From Theory to Practice: Integrating Equity in Smart Growth

from Wildlife Promise

Transportation and Smart Growth

Transportation options are an important part of smart growth (photo credit: Flickr/faceless b)

The 10th Annual New Partners for Smart Growth Conference (www.newpartners.org) held in Charlotte in February was a testament to the importance and urgency of placing equity and inclusion at the center of the movement to create sustainable communities. This was evidenced by the commitments made by numerous federal officials, the range of issues discussed in conference sessions, and the greater diversity among the more than 1,300 participants compared to previous conferences. Participants flocked to 110 concurrent sessions to learn from experts and each other about building sustainable communities – communities that are safe, healthy, and livable.

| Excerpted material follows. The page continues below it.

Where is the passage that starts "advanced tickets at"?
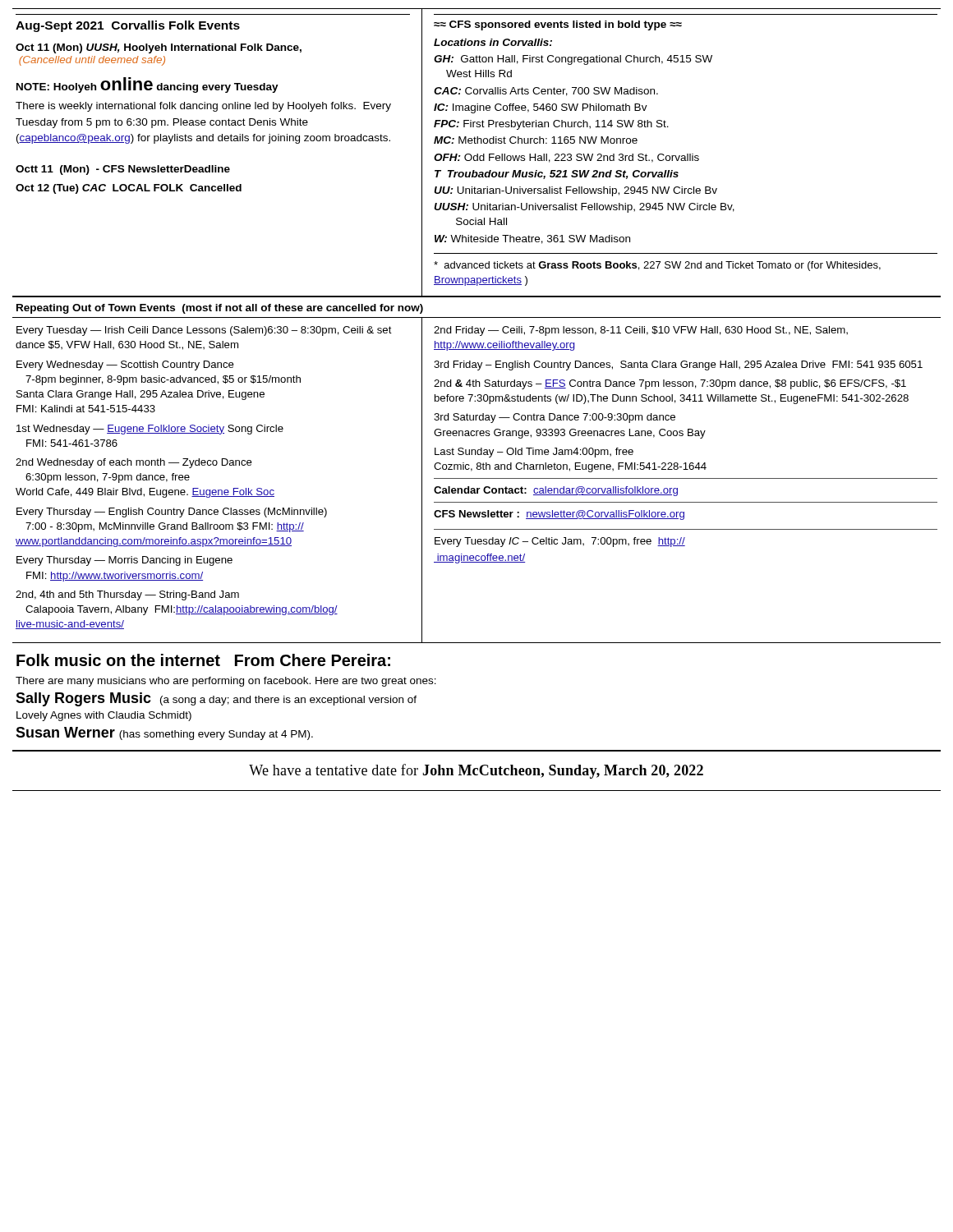pos(657,272)

There was a day-long pre-conference workshop to discuss equitable development at the intersection of environmental justice and smart growth. Environmental justice advocacy is a response to the disproportionate impacts of not only pollution but also development patterns on low-income people and people of color. Participants examined transportation, housing, brownfield remediation, community health and other issue areas to see how future development strategies could overcome— rather than exacerbate— these differences.   This session focused on capacity building within neighborhood and community-based organizations to engage on growth and development issues in their neighborhoods, communities and regions.  Participants learned about federal, state, local and tribal tools and programs that support equitable development; heard from community leaders who have forged successful partnerships; learned about opportunities for collaboration between smart growth, equitable development and environmental justice; explored why integrating these efforts is critical and necessary to right past wrongs, could revitalize America’s disadvantaged communities, grow the economy, and create healthy and sustainable urban, suburban, rural and tribal communities; and finally learned about tools and strategies to help finance equitable development.

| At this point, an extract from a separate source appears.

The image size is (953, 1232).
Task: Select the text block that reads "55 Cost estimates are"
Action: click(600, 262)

This year’s conference placed increased emphasis on Environmental and Social Justice, with both a conference track dedicated to “Equitable Development” and incorporation of those issues into many of the conference’s other sessions. Catchy buzz words and intriguing topic names abounded in the conference program:  “Equity Toolkit”, “Just and Smart Growth”, “Ports, Goods Movement, and Environmental Justice”, “Climate Justice”, “Inclusive Engagement”, and “Degrees of Disadvantage”.

Degrees of Disadvantage (“DoD”) is the term coined by the Delaware Valley Regional Planning Commission for the index they use to compare individual census tracts’ concentration of transportation-disadvantaged populations with the regional average.  The index includes eight such disadvantaged populations:  the elderly (75+), the physically-disabled, car-less households, low-income households, female head-of-households with children, limited English-proficiency persons, Hispanic/Latino persons, and non-Hispanic minorities.  The Commission uses DoD maps to evaluate proposed transportation projects’ contribution to improving mobility and transportation access for these populations. The Local Government Commission is currently working on converting all of the PowerPoint presentations to pdf files, which will be posted on the conference website in two weeks.

Talk of energy cost savings and greenhouse gas reduction was everywhere, from LEED and other green building approaches, to energy performance audits conducted by volunteer retired engineers.

For the conference-goers it seemed that smart growth and sustainable communities are not  novel theories: they have moved into the mainstream of accepted “best practices.”  No longer is the dialogue about the merits of the ideas. In today’s day and age, the bedrock of the discussion is how to more effectively implement them, refine their techniques, and evaluate their impacts.